• AIM OF THE EXERCISE
Please give the number of lines that hold the string "focus" in the listing, without any other words.

• MATERIAL FOR THIS EXERCISE
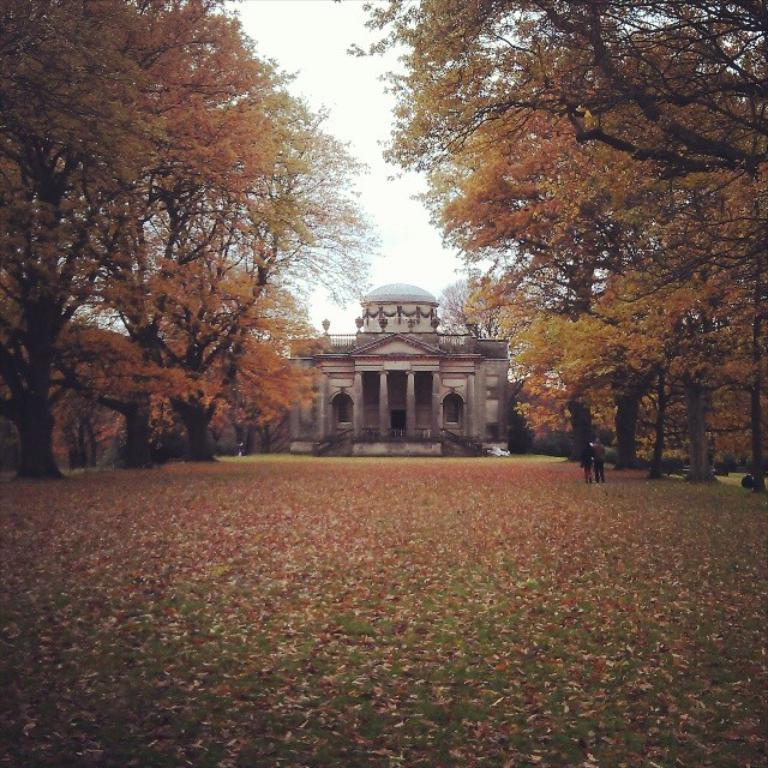What is on the ground in the image? There are leaves on the ground in the image. What can be seen in the background of the image? There are trees and at least one building in the background of the image. Are there any people visible in the image? Yes, there are people in the background of the image. What type of knee can be seen in the image? There is no knee visible in the image. Is there a river flowing through the image? There is no river present in the image. 
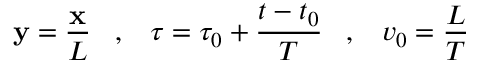Convert formula to latex. <formula><loc_0><loc_0><loc_500><loc_500>{ \mathbf y } = \frac { \mathbf x } { L } \, , \, \tau = \tau _ { 0 } + \frac { t - t _ { 0 } } { T } \, , \, v _ { 0 } = \frac { L } { T }</formula> 
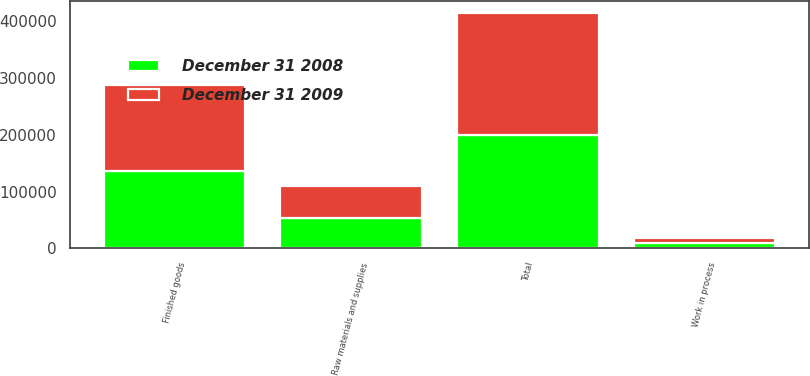<chart> <loc_0><loc_0><loc_500><loc_500><stacked_bar_chart><ecel><fcel>Raw materials and supplies<fcel>Work in process<fcel>Finished goods<fcel>Total<nl><fcel>December 31 2009<fcel>57305<fcel>9141<fcel>150424<fcel>216870<nl><fcel>December 31 2008<fcel>52850<fcel>9147<fcel>136896<fcel>198893<nl></chart> 
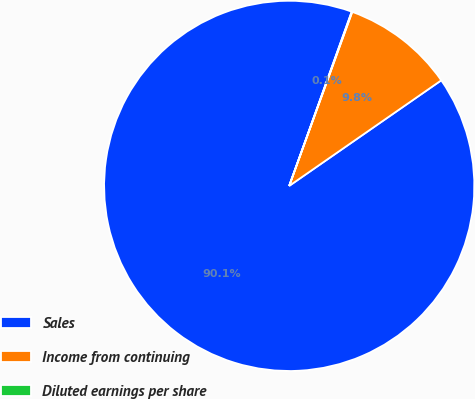Convert chart. <chart><loc_0><loc_0><loc_500><loc_500><pie_chart><fcel>Sales<fcel>Income from continuing<fcel>Diluted earnings per share<nl><fcel>90.13%<fcel>9.81%<fcel>0.05%<nl></chart> 
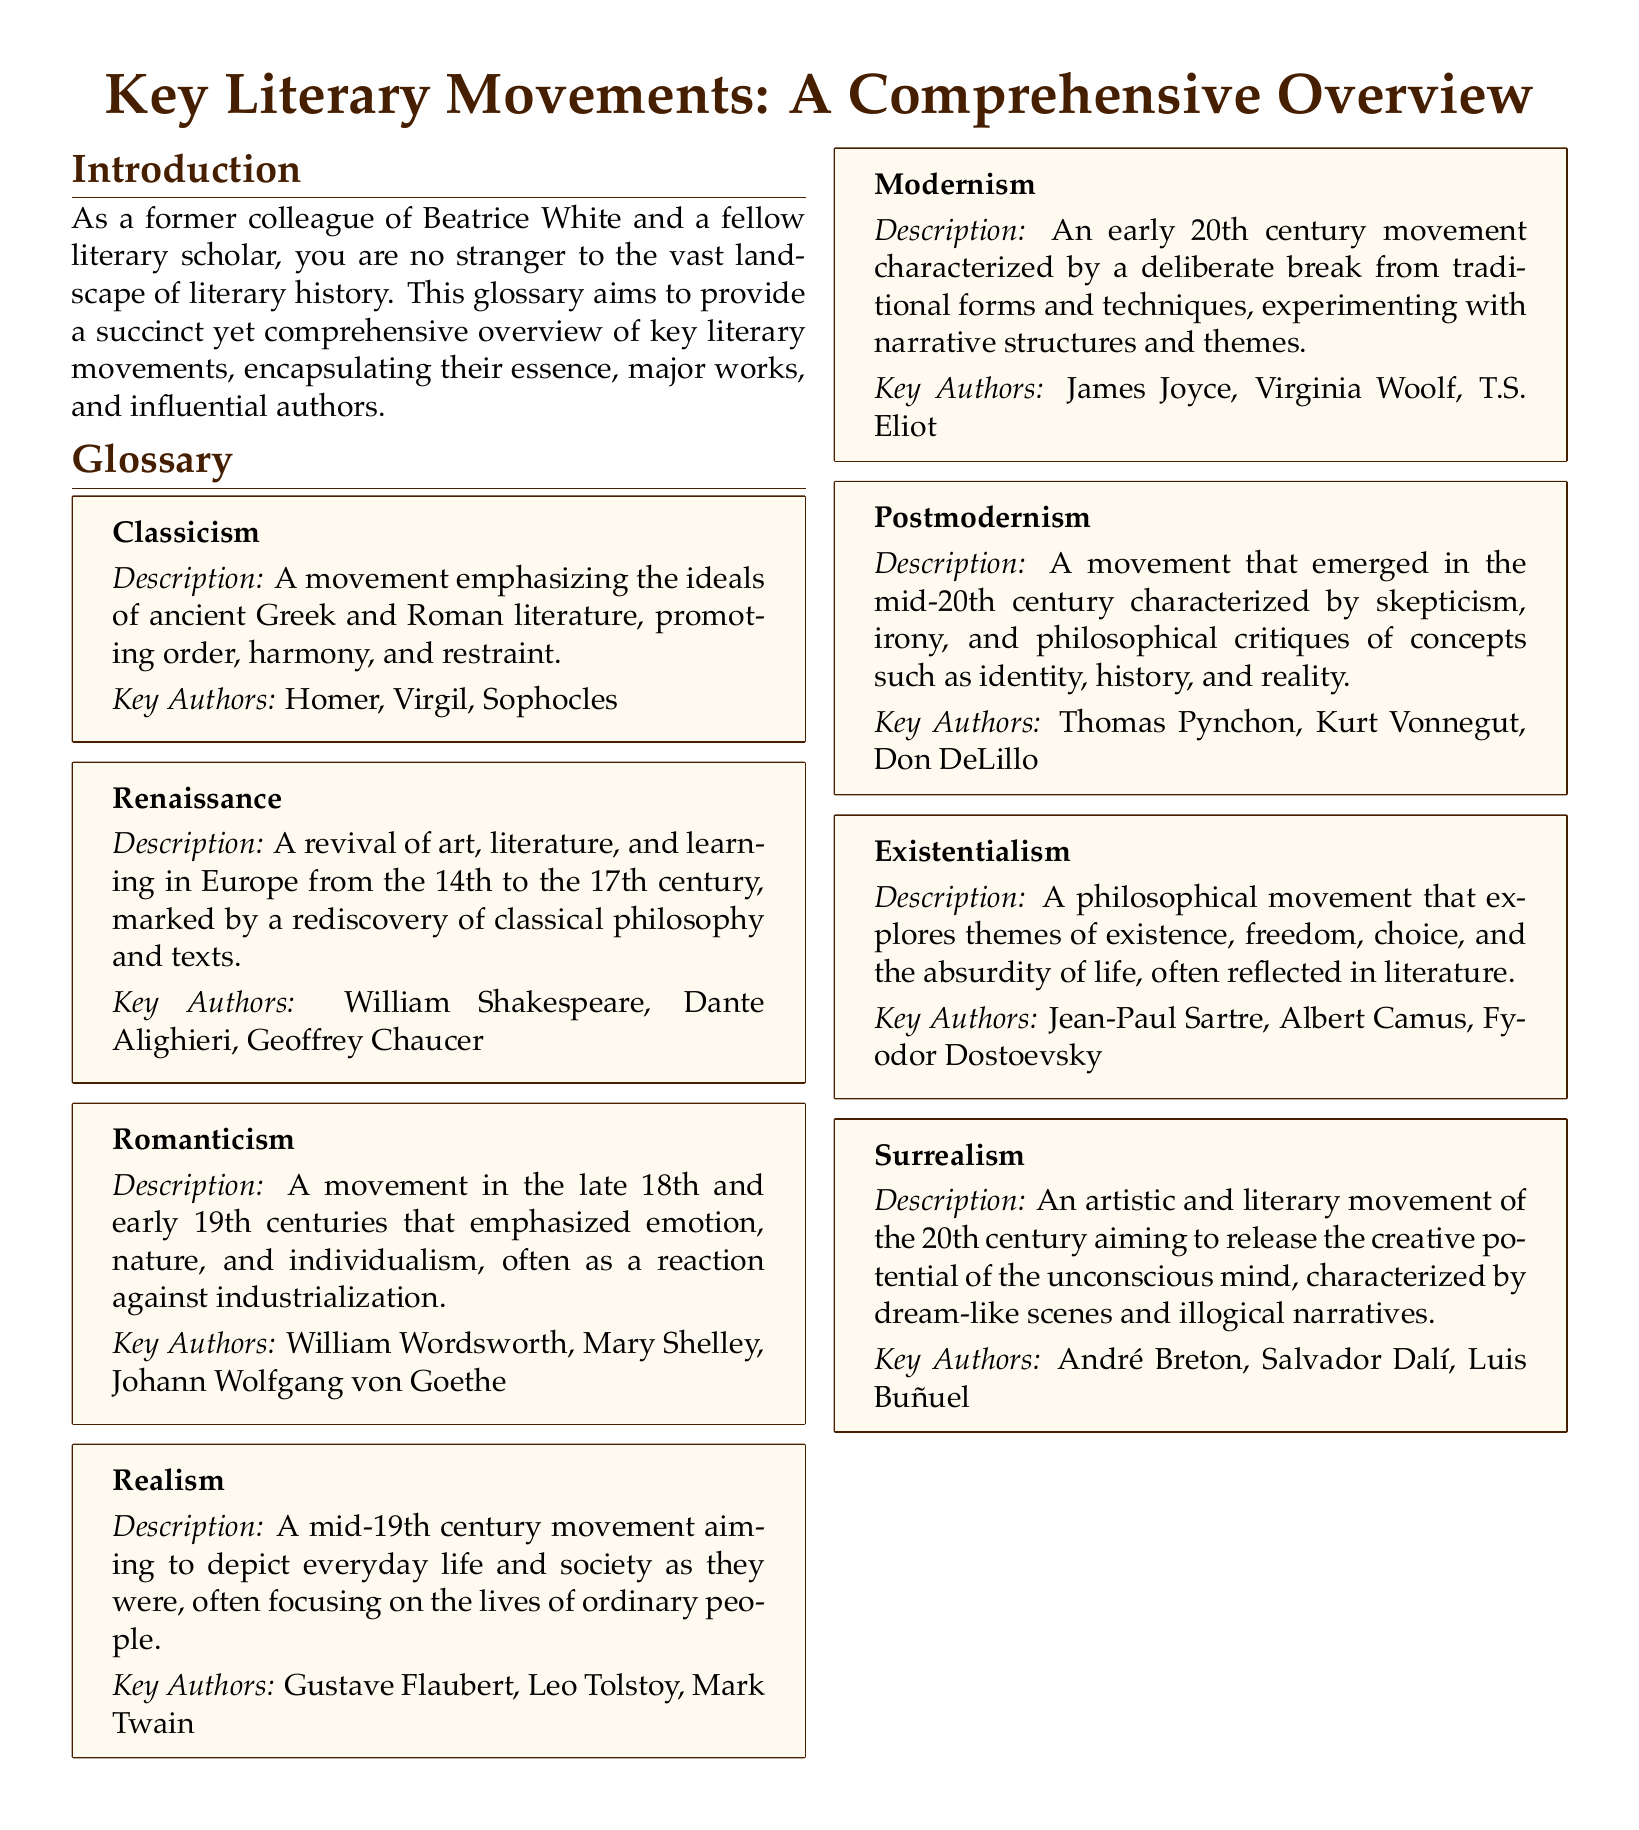What is the title of the document? The title is presented prominently at the beginning of the document.
Answer: Key Literary Movements: A Comprehensive Overview Which literary movement is associated with the author William Wordsworth? The document lists key authors under each movement, revealing their association.
Answer: Romanticism What does the movement Classicism emphasize? The description in the entry summarizes the main focus of this movement.
Answer: Order, harmony, and restraint Who is a key author of Modernism? The entry for Modernism lists this author among others, highlighting their significance.
Answer: James Joyce What period does the Renaissance movement cover? The introduction specifies the timeline of this literary period.
Answer: 14th to the 17th century Which literary movement aims to depict everyday life and society? The glossary entry for Realism describes its primary objective.
Answer: Realism Name a key feature of Surrealism. The description outlines the characteristics that define this artistic movement.
Answer: Dream-like scenes What is a common theme explored in Existentialism? The entry provides insight into the thematic focus of this philosophical movement.
Answer: Existence Which literary movement emerged in the mid-20th century? The description points to a specific time frame for this movement.
Answer: Postmodernism 
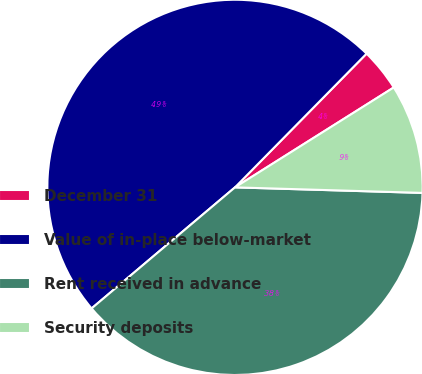Convert chart. <chart><loc_0><loc_0><loc_500><loc_500><pie_chart><fcel>December 31<fcel>Value of in-place below-market<fcel>Rent received in advance<fcel>Security deposits<nl><fcel>3.69%<fcel>48.53%<fcel>38.37%<fcel>9.41%<nl></chart> 
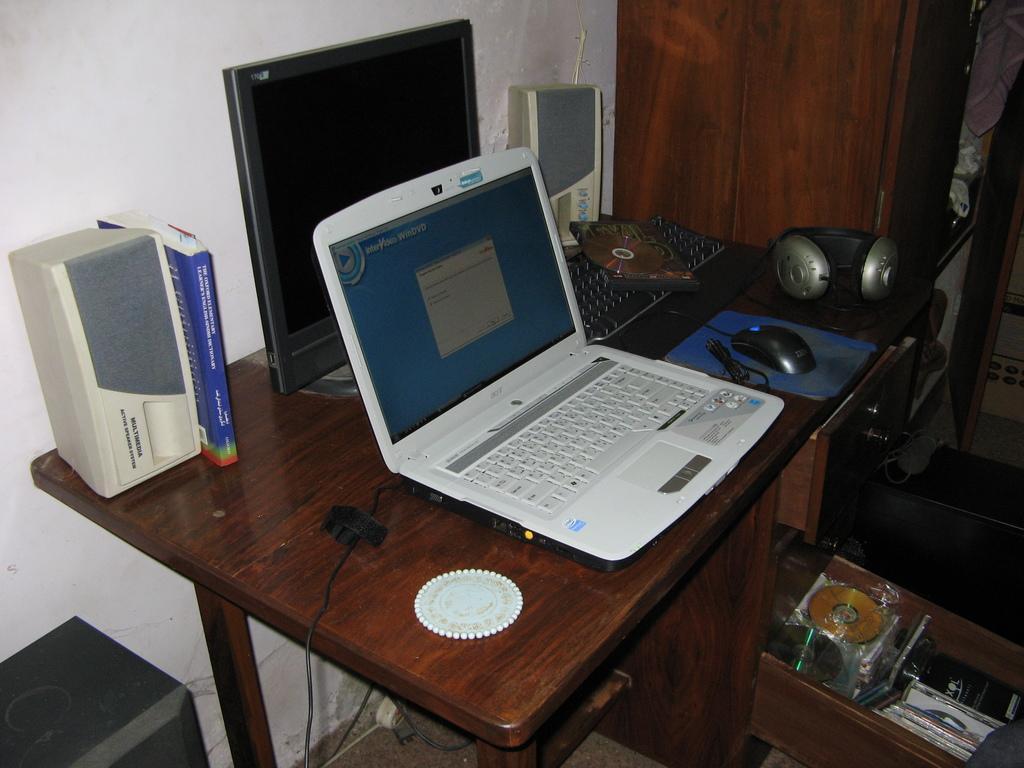Can you describe this image briefly? This image is taken inside a room. There are many things visible in this room. In the left side of the image at the bottom there is a speaker box. In the middle of the image there is a table which has laptop, small plate, a book, monitor, key board, CD, small speaker box, headsets, mouse and a mouse pad were present on it. In the right side of the image table drawer is present and there are few things in it and there is a cupboard with few shelves. 
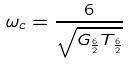Convert formula to latex. <formula><loc_0><loc_0><loc_500><loc_500>\omega _ { c } = \frac { 6 } { \sqrt { G _ { \frac { 6 } { 2 } } T _ { \frac { 6 } { 2 } } } }</formula> 
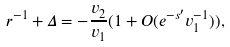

• YOUR SOLUTION
2